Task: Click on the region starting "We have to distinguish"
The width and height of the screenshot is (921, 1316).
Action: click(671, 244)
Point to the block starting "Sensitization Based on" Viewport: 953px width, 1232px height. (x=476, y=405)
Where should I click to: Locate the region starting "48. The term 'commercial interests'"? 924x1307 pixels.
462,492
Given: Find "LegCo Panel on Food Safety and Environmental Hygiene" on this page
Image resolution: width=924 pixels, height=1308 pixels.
|---|
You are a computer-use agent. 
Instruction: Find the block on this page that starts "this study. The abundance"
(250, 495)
|---|
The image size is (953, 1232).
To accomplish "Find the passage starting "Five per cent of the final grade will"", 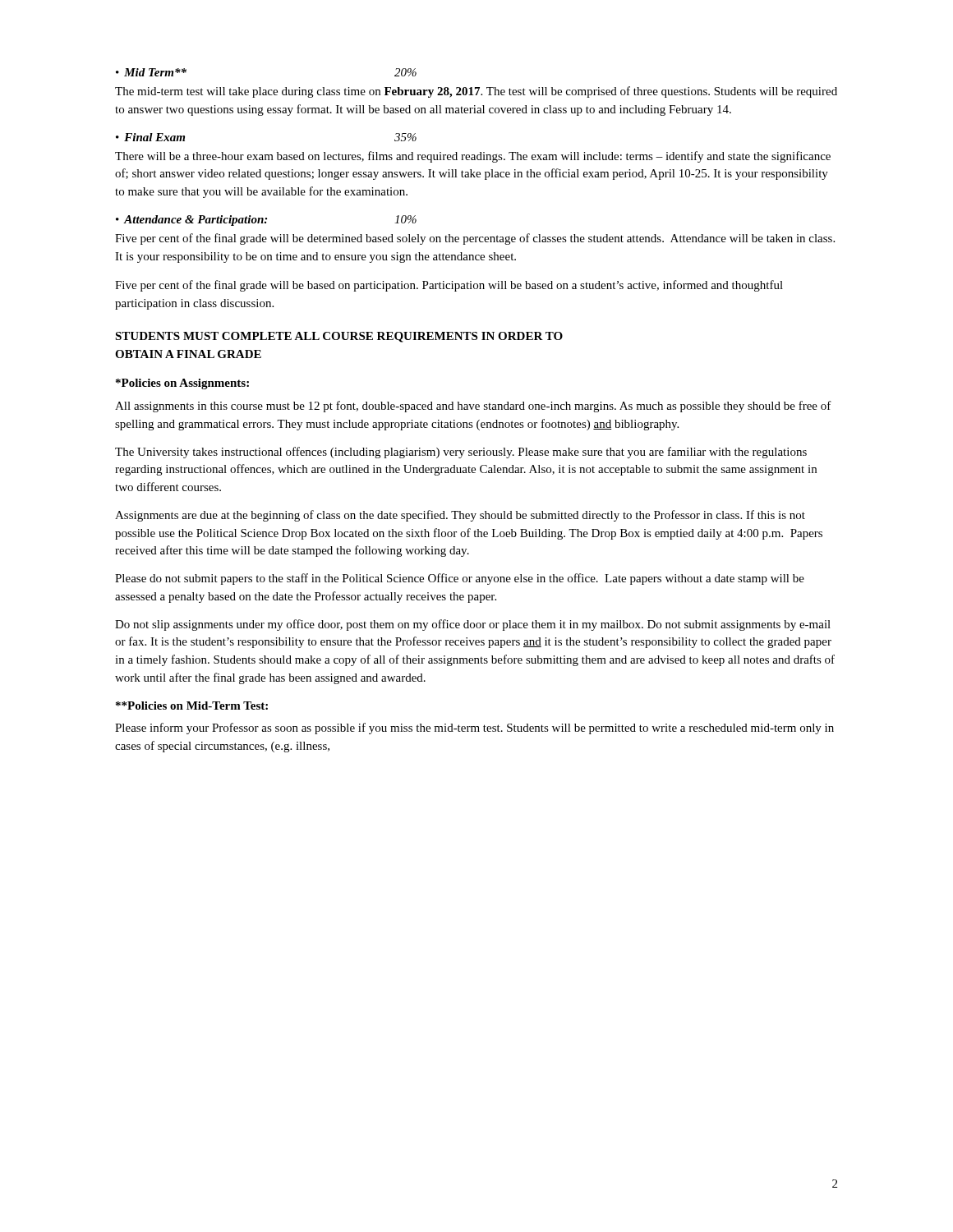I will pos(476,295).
|---|
Once the line with "The width and" is found in the records above, print exactly that line and every line after it through the line with "Image resolution: width=924".

The width and height of the screenshot is (921, 1316).
Action: click(671, 244)
Point to the block starting "Sensitization Based on" Viewport: 953px width, 1232px height. (x=476, y=405)
Where should I click to: Locate the region starting "48. The term 'commercial interests'"? 924x1307 pixels.
462,492
Given: Find "LegCo Panel on Food Safety and Environmental Hygiene" on this page
Image resolution: width=924 pixels, height=1308 pixels.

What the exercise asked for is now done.